The 1948 Florida Gators football team represented the University of Florida during the 1948 college football season. The season was the third for Raymond Wolf as the Florida Gators football team's head coach. The season's highlights included the Gators' 16–9 win against the Auburn Tigers and their 27–13 homecoming victory over the Miami Hurricanes.
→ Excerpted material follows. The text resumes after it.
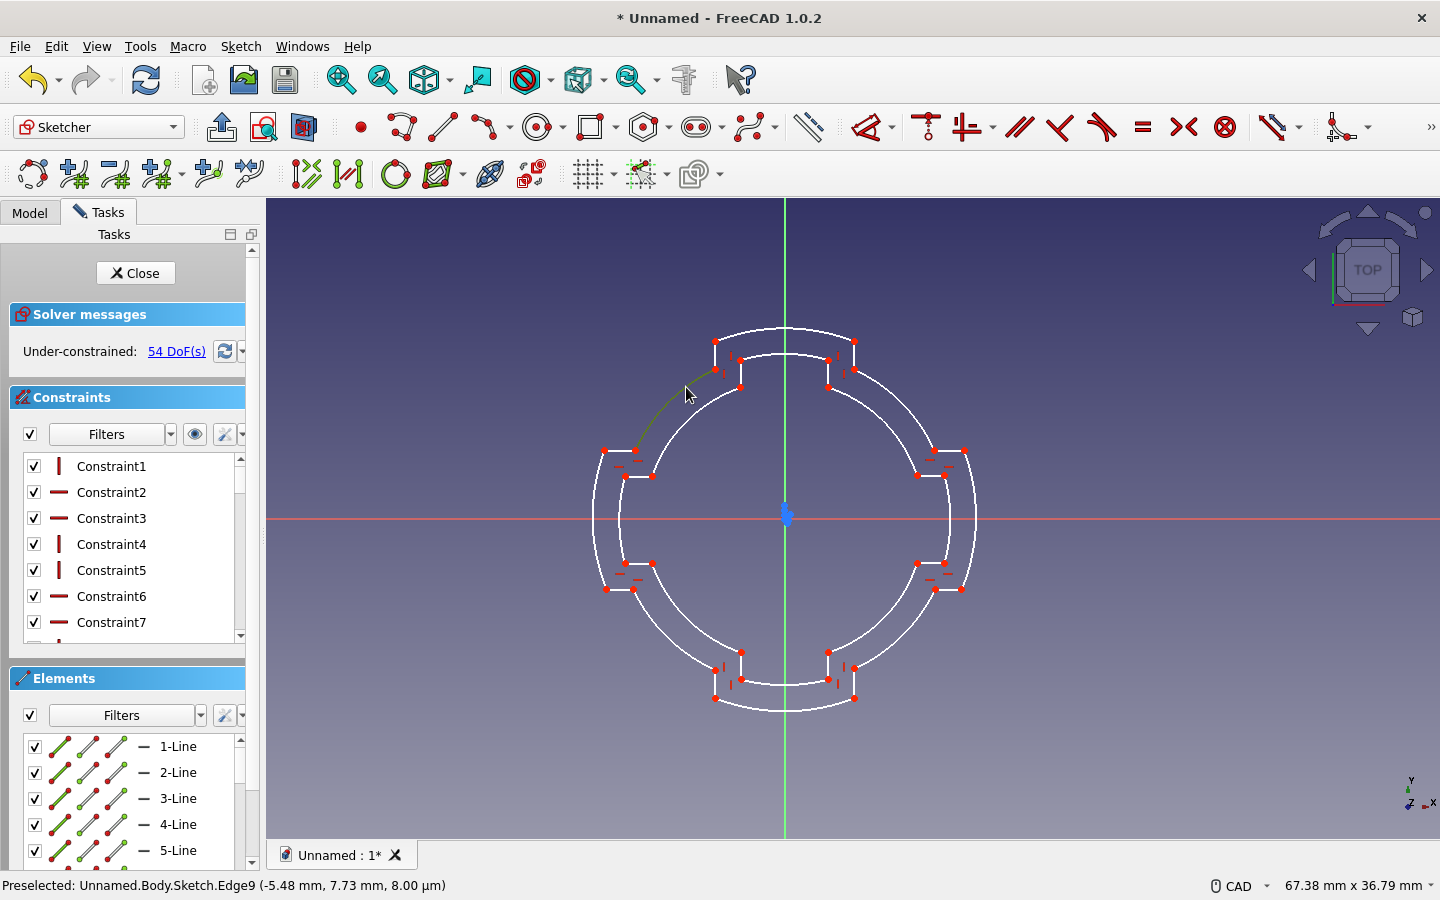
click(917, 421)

Wolf's 1948 Florida Gators finished with a 5–5 overall record and a 1–5 record in the Southeastern Conference (SEC), placing tenth among twelve SEC teams.
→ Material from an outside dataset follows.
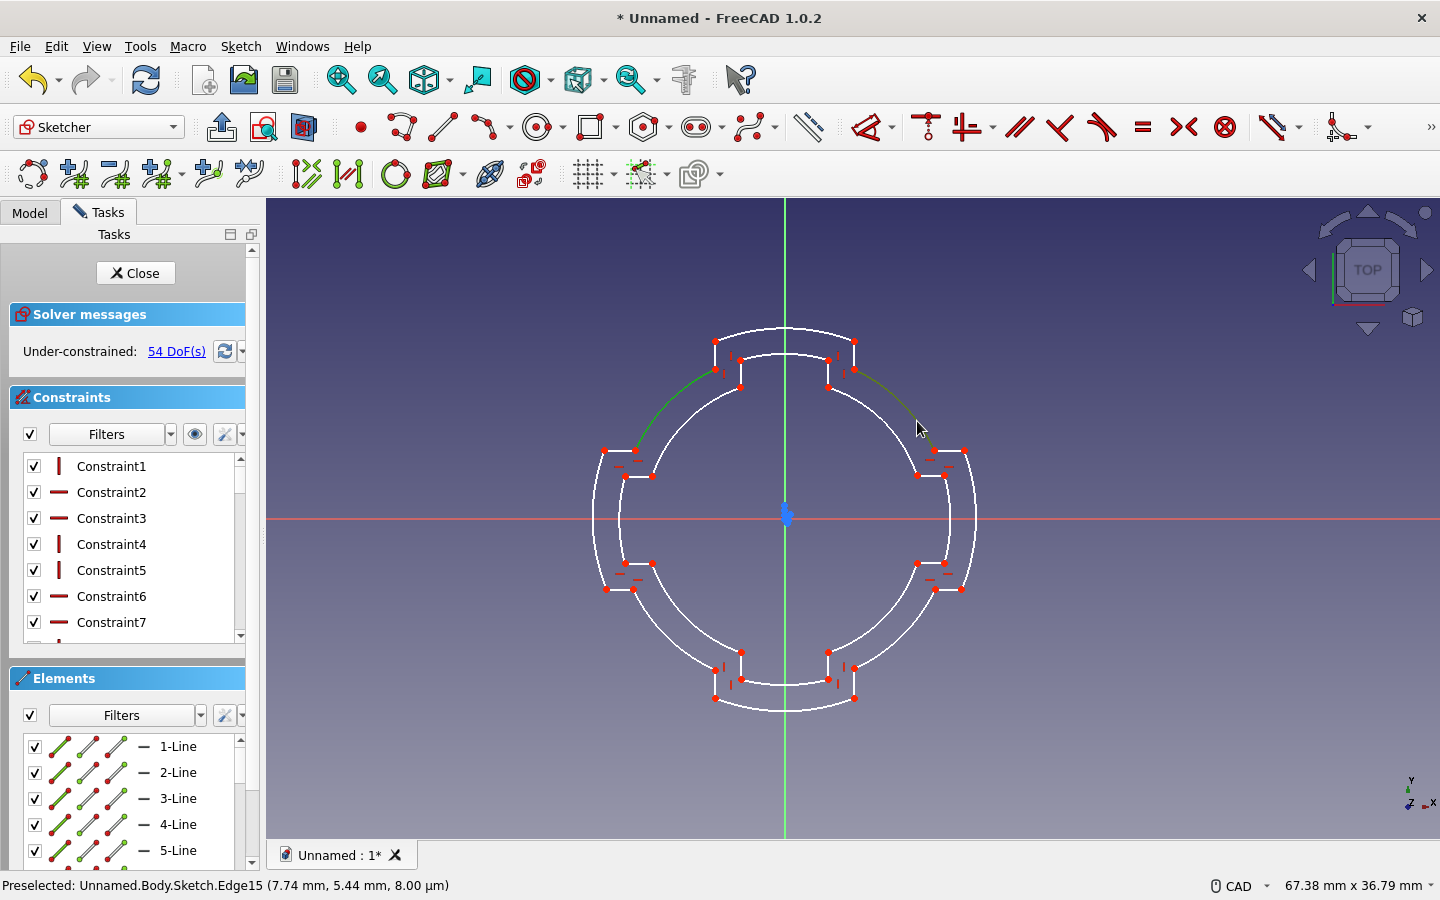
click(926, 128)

Florida was ranked at No. 59 in the final Litkenhous Difference by Score System ratings for 1948.

==Schedule==

| Date | Opponent | Site | Result | Attendance | Source |
| September 25 | Ole Miss | Florida Field; Gainesville, FL; | L 0–14 | 24,000 |  |
| October 2 | Tulsa* | Florida Field; Gainesville, FL; | W 28–14 | 15,000 |  |
| October 9 | vs. Auburn | Phillips Field; Tampa, FL (rivalry); | W 16–9 | 18,000 |  |
| October 16 | Rollins* | Florida Field; Gainesville, FL; | W 41–12 | 16,000 |  |
| October 23 | at No. 6 Georgia Tech | Grant Field; Atlanta, GA; | L 7–42 | 28,000 |  |
| October 30 | at Furman* | Sirrine Stadium; Greenville, SC; | W 39–14 | 6,500 |  |
| November 6 | vs. No. 13 Georgia | Gator Bowl Stadium; Jacksonville, FL (rivalry); | L 12–20 | 34,129 |  |
| November 13 | at Kentucky | McLean Stadium; Lexington, KY (rivalry); | L 15–34 | 22,000 |  |
| November 20 | Miami (FL)* | Florida Field; Gainesville, FL (rivalry); | W 27–13 | 27,000 |  |
| November 27 | at Alabama | Denny Stadium; Tuscaloosa, AL (rivalry); | L 28–34 | 24,000 |  |
*Non-conference game; Homecoming; Rankings from AP Poll released prior to the game;

==Postseason==
Several members of the Florida Board of Control and a number of Florida alumni called for Wolf to step down after the 1948 season, but football player-led student rallies in his support ended with Wolf's contract being extended for another year.